Records provided:
*** Begin section ***

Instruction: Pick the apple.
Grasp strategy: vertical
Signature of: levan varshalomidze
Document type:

*** End section ***
*** Begin section ***

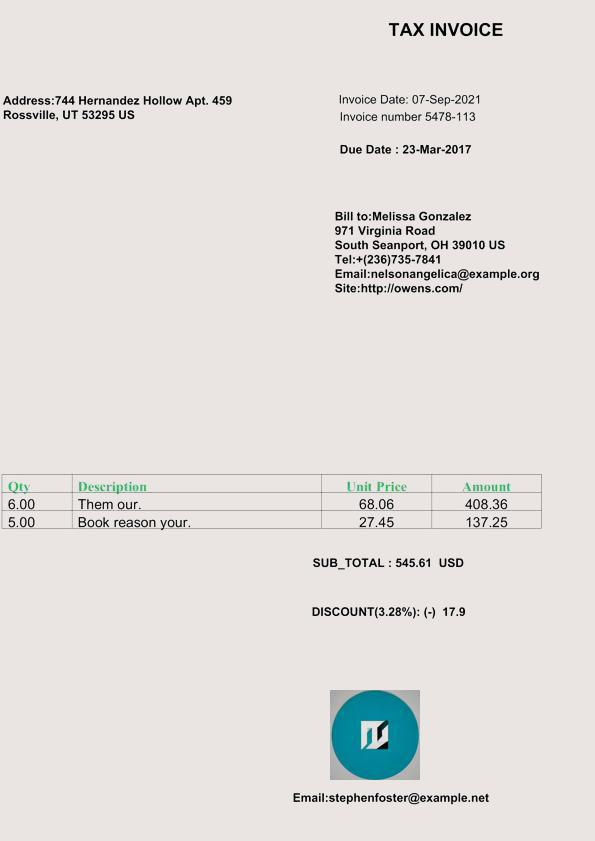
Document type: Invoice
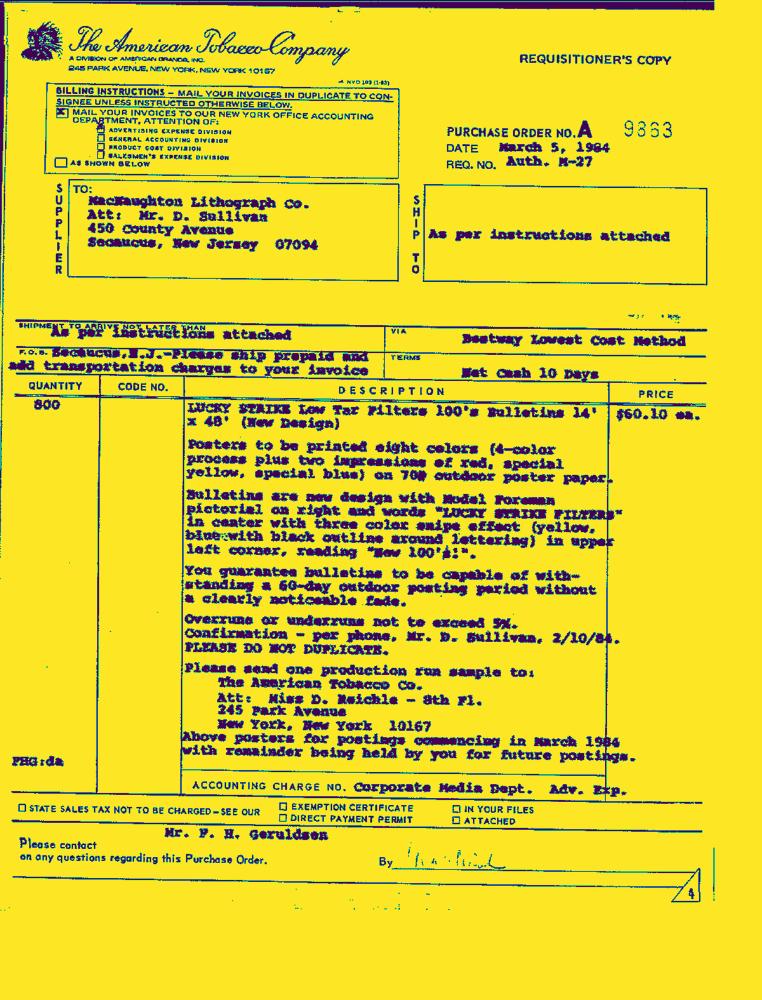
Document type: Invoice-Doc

*** End section ***

Directions for this task: Copy out each line carrying the string "Document" from the data.

Solution to the exercise:
Document type:
Document type: Invoice
Document type: Invoice-Doc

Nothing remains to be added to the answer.